Medical aid was dispatched quickly, and before continuing, he noted: “It is hot. Please hydrate.”
“What is it that unites us?” he asked, continuing his remarks. “Do we all have the same contract provisions between all the unions? Absolutely not. Do we have identical goals? No. What it is that unites us is the fact that our members work for the same companies. And our members’ work is essential to those companies. The stupendous profits generated by the entertainment industry would simply disappear if there were not writers and no actors and no drivers and no crew.

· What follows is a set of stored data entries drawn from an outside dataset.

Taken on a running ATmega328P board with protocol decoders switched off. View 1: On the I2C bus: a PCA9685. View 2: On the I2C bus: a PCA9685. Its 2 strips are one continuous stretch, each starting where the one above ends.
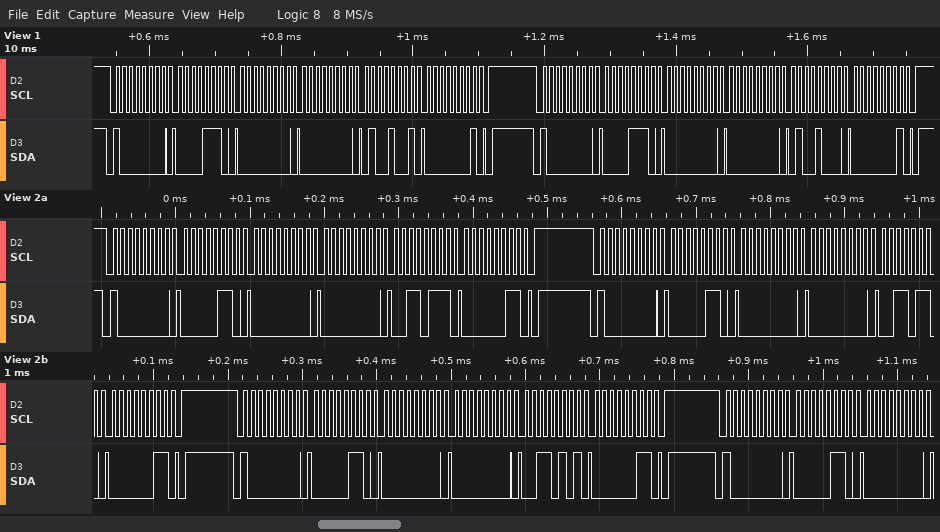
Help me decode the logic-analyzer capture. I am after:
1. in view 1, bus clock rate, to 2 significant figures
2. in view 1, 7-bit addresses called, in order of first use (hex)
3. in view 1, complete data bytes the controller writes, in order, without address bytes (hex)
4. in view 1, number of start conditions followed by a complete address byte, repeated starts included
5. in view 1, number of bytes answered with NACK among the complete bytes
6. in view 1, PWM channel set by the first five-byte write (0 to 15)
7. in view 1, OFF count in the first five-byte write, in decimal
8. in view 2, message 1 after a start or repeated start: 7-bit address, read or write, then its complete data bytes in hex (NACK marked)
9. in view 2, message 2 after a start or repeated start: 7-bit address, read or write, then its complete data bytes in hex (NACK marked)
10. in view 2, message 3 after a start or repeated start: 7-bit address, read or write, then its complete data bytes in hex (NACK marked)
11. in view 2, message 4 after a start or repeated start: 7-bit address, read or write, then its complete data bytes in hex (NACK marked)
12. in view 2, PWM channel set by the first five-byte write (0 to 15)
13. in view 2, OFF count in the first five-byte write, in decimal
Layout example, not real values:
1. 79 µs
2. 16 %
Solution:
1. 100 kHz
2. 0x40
3. 0E 00 00 49 01 0E 00 00 48 01
4. 2
5. 0
6. 2
7. 329
8. 0x40 write: 06 00 00 37 03
9. 0x40 write: 06 00 00 36 03
10. 0x40 write: 06 00 00 35 03
11. 0x40 write: 06 00
12. 0
13. 823
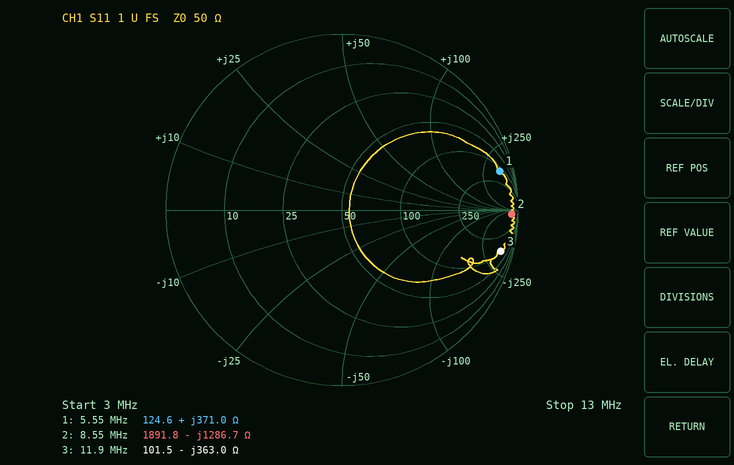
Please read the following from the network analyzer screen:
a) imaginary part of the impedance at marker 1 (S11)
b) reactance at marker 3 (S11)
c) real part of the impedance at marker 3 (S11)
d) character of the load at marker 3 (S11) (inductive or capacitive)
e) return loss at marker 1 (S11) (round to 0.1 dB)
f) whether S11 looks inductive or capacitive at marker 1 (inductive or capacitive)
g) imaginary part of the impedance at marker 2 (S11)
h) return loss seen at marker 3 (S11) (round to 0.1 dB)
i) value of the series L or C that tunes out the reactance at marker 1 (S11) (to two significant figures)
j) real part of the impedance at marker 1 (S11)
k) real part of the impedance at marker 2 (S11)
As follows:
+371.0 Ω
-363.0 Ω
101.5 Ω
capacitive
0.7 dB
inductive
-1286.7 Ω
0.6 dB
77 pF
124.6 Ω
1891.8 Ω
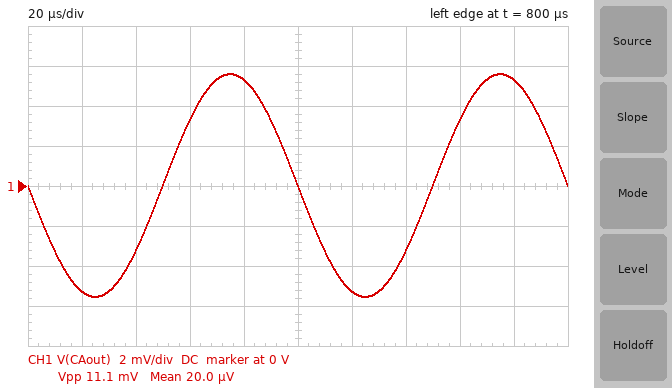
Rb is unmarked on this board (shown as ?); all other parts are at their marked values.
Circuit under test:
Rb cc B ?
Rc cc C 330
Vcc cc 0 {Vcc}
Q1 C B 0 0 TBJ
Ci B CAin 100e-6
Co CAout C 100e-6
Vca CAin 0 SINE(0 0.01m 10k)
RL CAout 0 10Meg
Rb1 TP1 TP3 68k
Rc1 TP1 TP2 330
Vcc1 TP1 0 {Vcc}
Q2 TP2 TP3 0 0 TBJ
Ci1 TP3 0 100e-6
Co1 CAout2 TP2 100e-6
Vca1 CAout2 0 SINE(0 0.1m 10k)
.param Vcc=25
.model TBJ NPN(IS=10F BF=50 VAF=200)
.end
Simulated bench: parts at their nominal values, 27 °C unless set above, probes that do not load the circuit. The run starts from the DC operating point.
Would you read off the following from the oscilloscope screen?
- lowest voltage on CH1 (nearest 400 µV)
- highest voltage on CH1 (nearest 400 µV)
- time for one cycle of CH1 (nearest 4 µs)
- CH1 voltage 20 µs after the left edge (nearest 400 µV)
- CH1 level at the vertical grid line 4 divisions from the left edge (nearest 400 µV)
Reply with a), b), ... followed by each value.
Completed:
a) -5.6 mV
b) 5.6 mV
c) 100 µs
d) -5.2 mV
e) 5.2 mV
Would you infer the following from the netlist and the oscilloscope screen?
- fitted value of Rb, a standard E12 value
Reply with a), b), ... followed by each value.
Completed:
a) 27 kΩ
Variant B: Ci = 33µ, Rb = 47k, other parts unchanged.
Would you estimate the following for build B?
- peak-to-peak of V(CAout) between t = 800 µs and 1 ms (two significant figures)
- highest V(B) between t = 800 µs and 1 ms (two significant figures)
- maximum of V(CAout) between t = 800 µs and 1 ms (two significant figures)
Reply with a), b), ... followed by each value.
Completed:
a) 6.8 mV
b) 740 mV
c) 3.4 mV

“What we are fighting for is nothing less than the survival of our crafts. If the companies continue their refusal to provide sustainable middle-class careers – careers that enable people to focus on your art, your incredible and real skills, then the industry will collapse. We have to get rid of this tech-bro paradigm that the studios have brought to the bargaining table. (Cheers.) It’s really simple. People simply need to be paid enough to make a living. We can’t let our members’ careers be eroded just because the gigs are shorter and the gaps between gigs are longer, and the pay rates are going down and residuals are evaporating. And that will continue to happen if we don’t continue to fight.”
The companies’ strategy, he said, “was to break us, one union at a time. I think it’s fair to say that that strategy has failed. (Loud cheers.) We are all here today to prove that. And let me give this message to the CEOs and their hangers-on. Instead of threatening to force us out of our homes; instead of belittling our skills; instead of belittling our proposals and saying we’re not realistic, instead of saying ‘You’re all lucky to have a job,’ how about if you actually wake up and recognize that the model you created does not work. It does not work for writers; it doesn’t work for actors, and in the long run, it will not work for this industry. Because without us, there is no industry.
“So instead of rejecting all of our basic proposals, which have the simple goal of sustaining middle-class careers, come back to the table. Negotiate with us in good faith. We’re here, and we’re gonna stay here as long as it takes.”